▶ [EXERCISE OBJECTIVE]
Give only the lines from the one containing "Format: a one-line" through the end of the material below, exactly as written.

▶ [GIVEN MATERIAL]

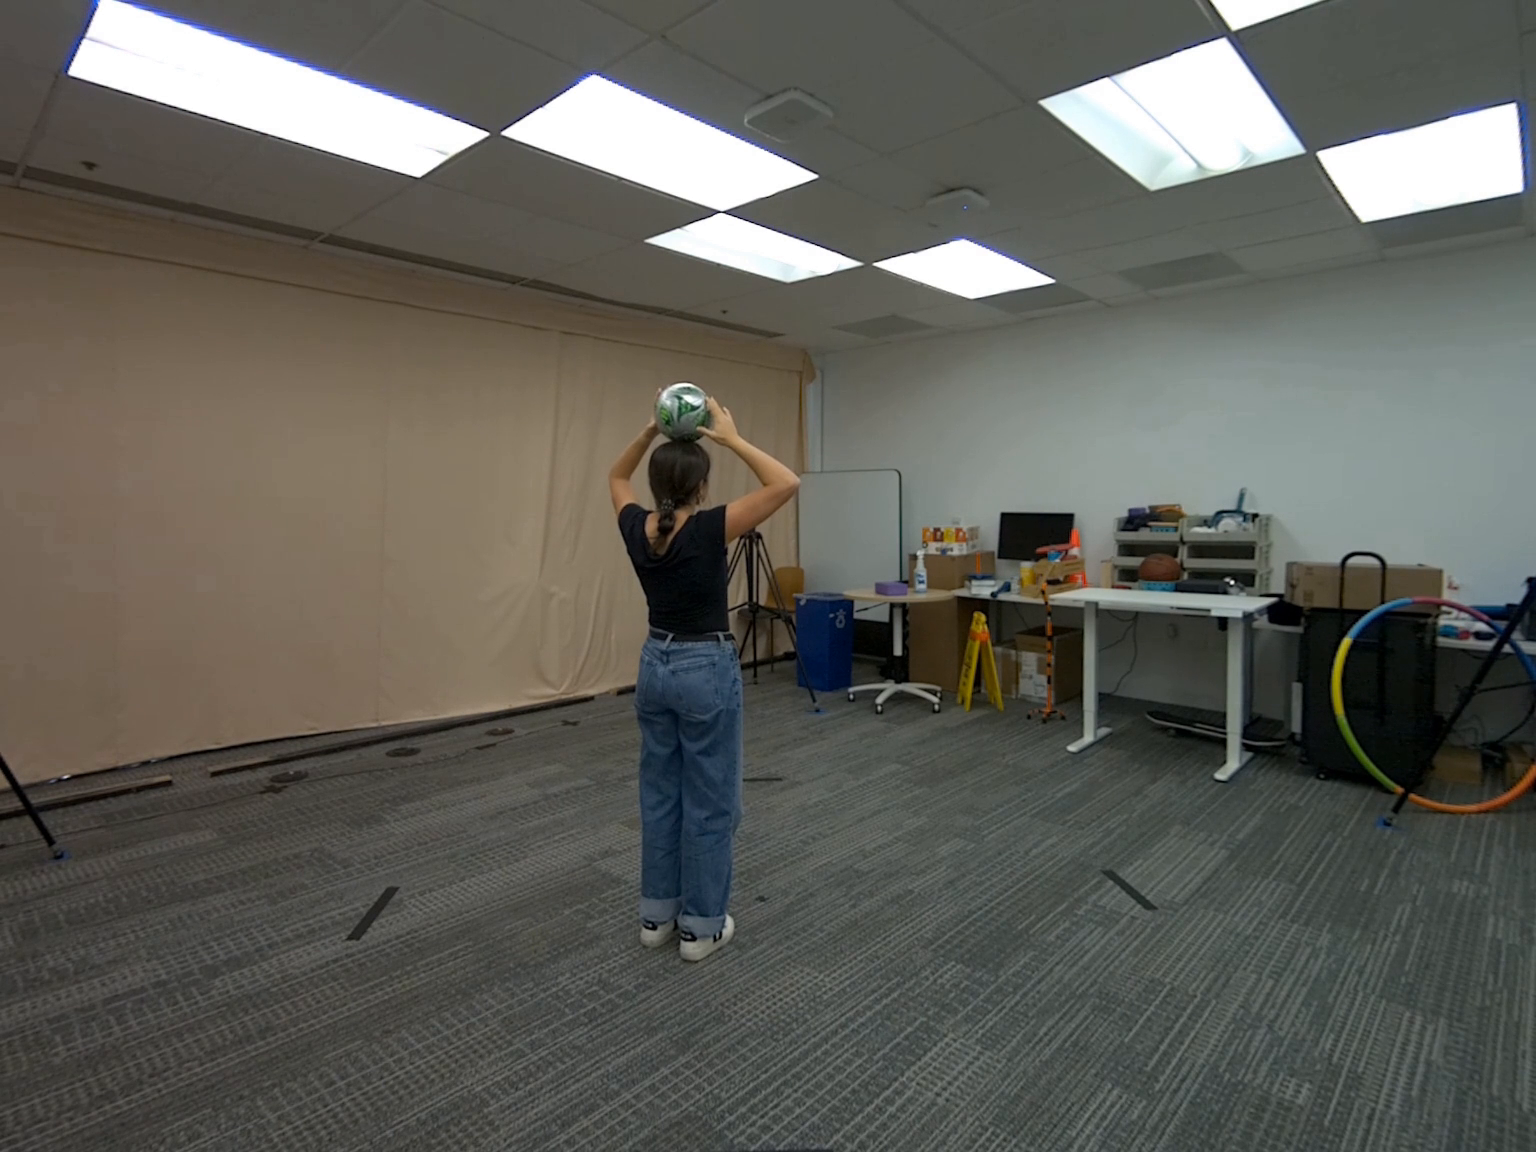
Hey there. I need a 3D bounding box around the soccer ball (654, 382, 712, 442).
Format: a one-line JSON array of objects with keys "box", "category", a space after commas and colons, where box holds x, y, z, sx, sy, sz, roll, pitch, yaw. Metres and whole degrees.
[{"box": [-0.251, -0.506, 2.634, 0.187, 0.187, 0.188, 0, 4, -2], "category": "soccer ball"}]

▶ [THE COMPLETED TASK]
Format: a one-line JSON array of objects with keys "box", "category", a space after commas and colons, where box holds x, y, z, sx, sy, sz, roll, pitch, yaw. Metres and whole degrees.
[{"box": [-0.251, -0.506, 2.634, 0.187, 0.187, 0.188, 0, 4, -2], "category": "soccer ball"}]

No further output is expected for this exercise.